One complication here maybe the utilities people try to monitor their graphic cards with. I would never claim to fully understand how they work, but it's possible that they're just reporting on certain functions of the graphic card systems, eg OGL function use, so the 'normal' processing that drives normal screen redraws isn't reported.

However I think laying the blame for poor performance in the develop module just on graphic card speed is missing the point. Process 2012 flies in ACR in CS6, but is dog slow in LR4, Adobe shouldn't rely on people running the most expensive hardware to make their software run smoothly.
1.  Agreed, there is a lot to this stuff happening under the hood, more variables than most of us care to understand for sure.

2.  I'm not sure I'm trying to blame the video card, more I'm trying to offer a way to improve performance because it's something that's within our control while much isn't.  Hardware is something we can change, coding and fixing bugs we'll have to leave up to Adobe.

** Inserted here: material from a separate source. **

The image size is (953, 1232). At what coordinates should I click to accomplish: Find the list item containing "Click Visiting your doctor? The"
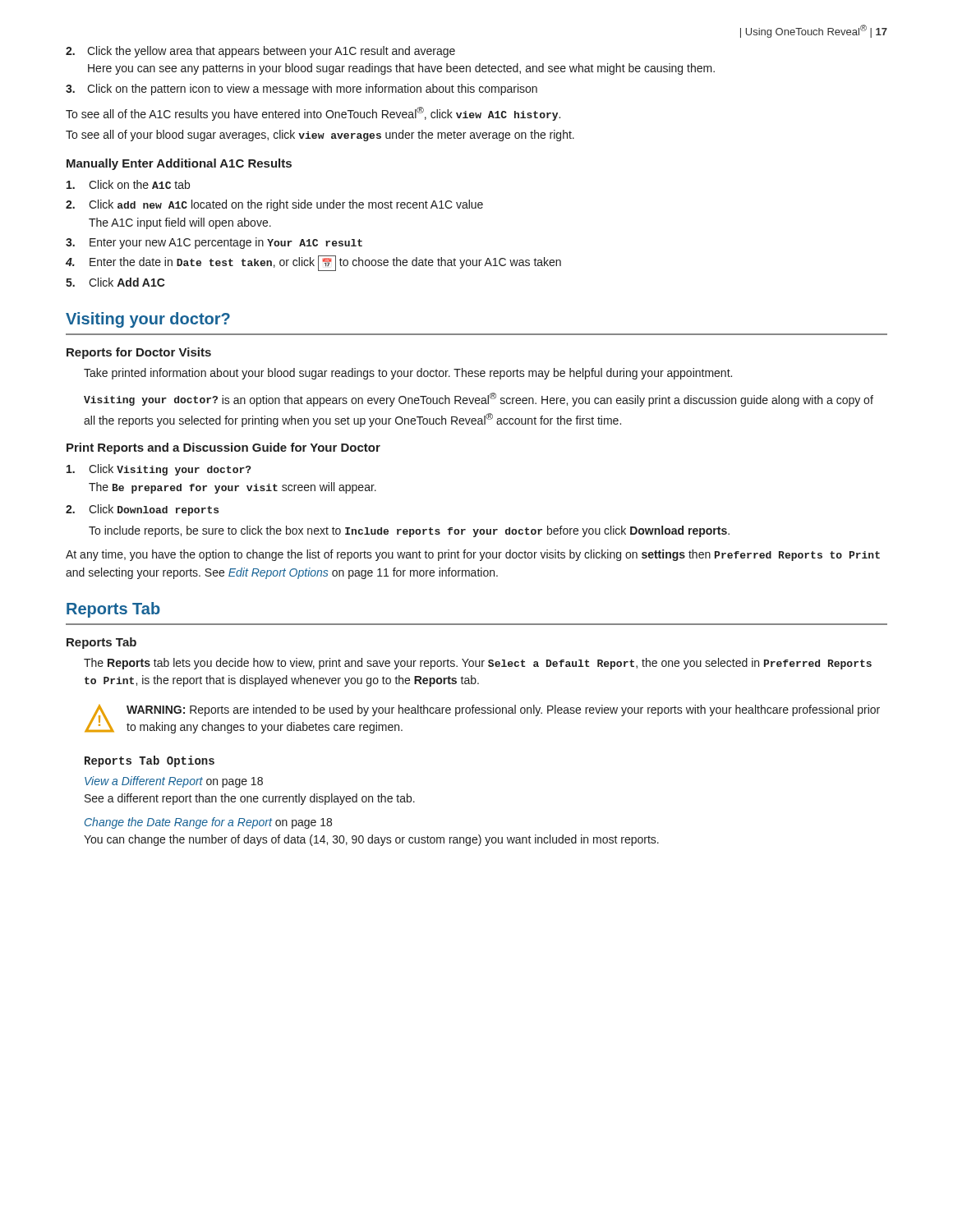click(159, 470)
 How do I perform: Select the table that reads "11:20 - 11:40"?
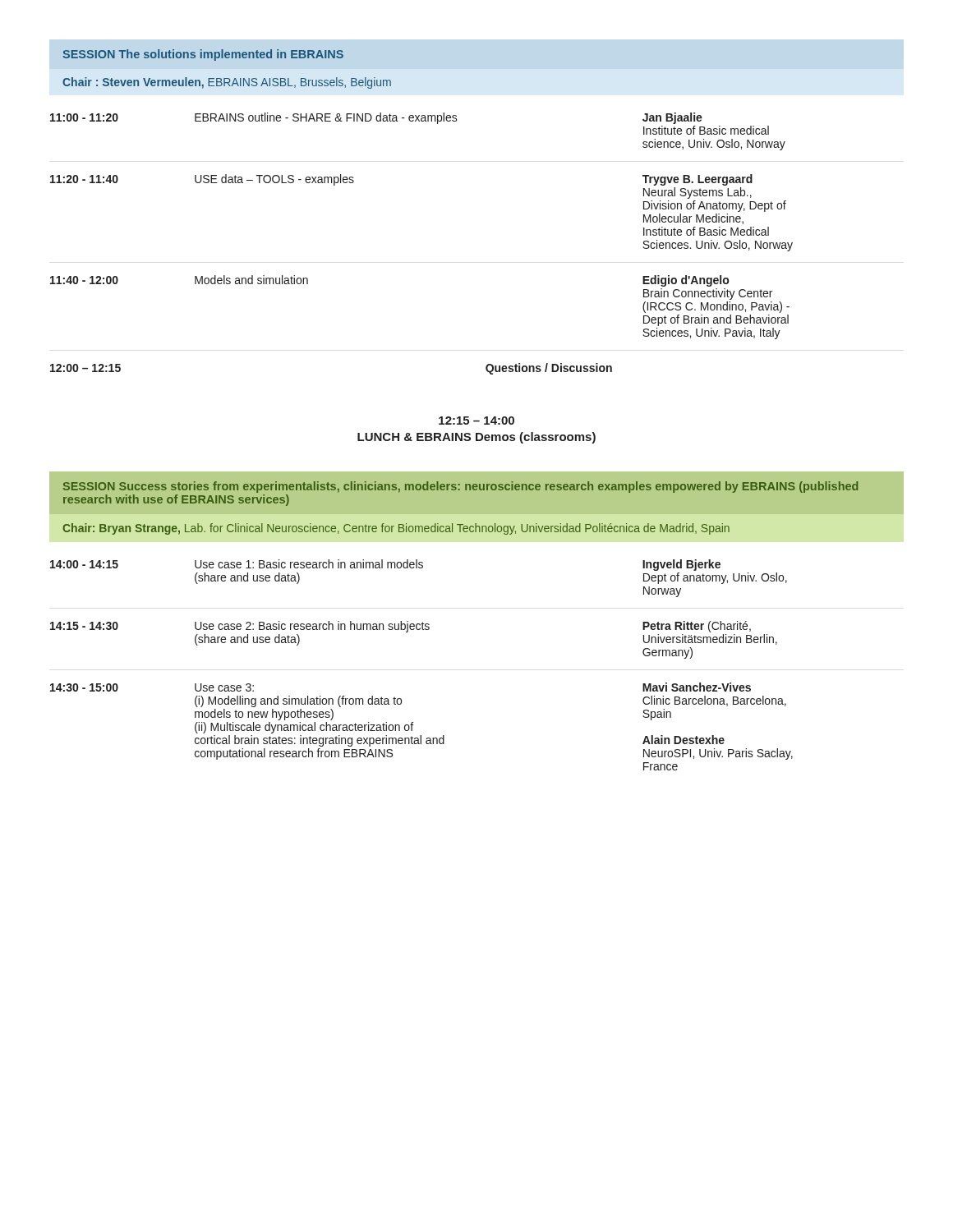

3.  Adobe does rely on people running  certain hardware in Cs4/5/6 with the tasking of the GPU.  And I'll go back to a previous post I made in this thread, when you have a software application that draws so heavily on all aspects of the hardware just by it's very nature (gaming, CAD/CAM, Video, Imaging) then it's entirely reasonable to expect different levels of performance with different levels of hardware.  We all understand we can't run our favorite first shooter game at the maximum resolution, detail level, or frame rate on a 5 year old mid-level laptop.. yet we can still play that game if it falls within the minimum system requirements.  If you go out and get that custom builder to build you a custom gaming rig, then you can run that game at max resolution, detail level, and the faster frame rates.  We know this and accept this, gaming requires heavy hardware for the best performance and experience.. but we want imaging which uses the computer in much the same way to somehow be immune to hardware requirements.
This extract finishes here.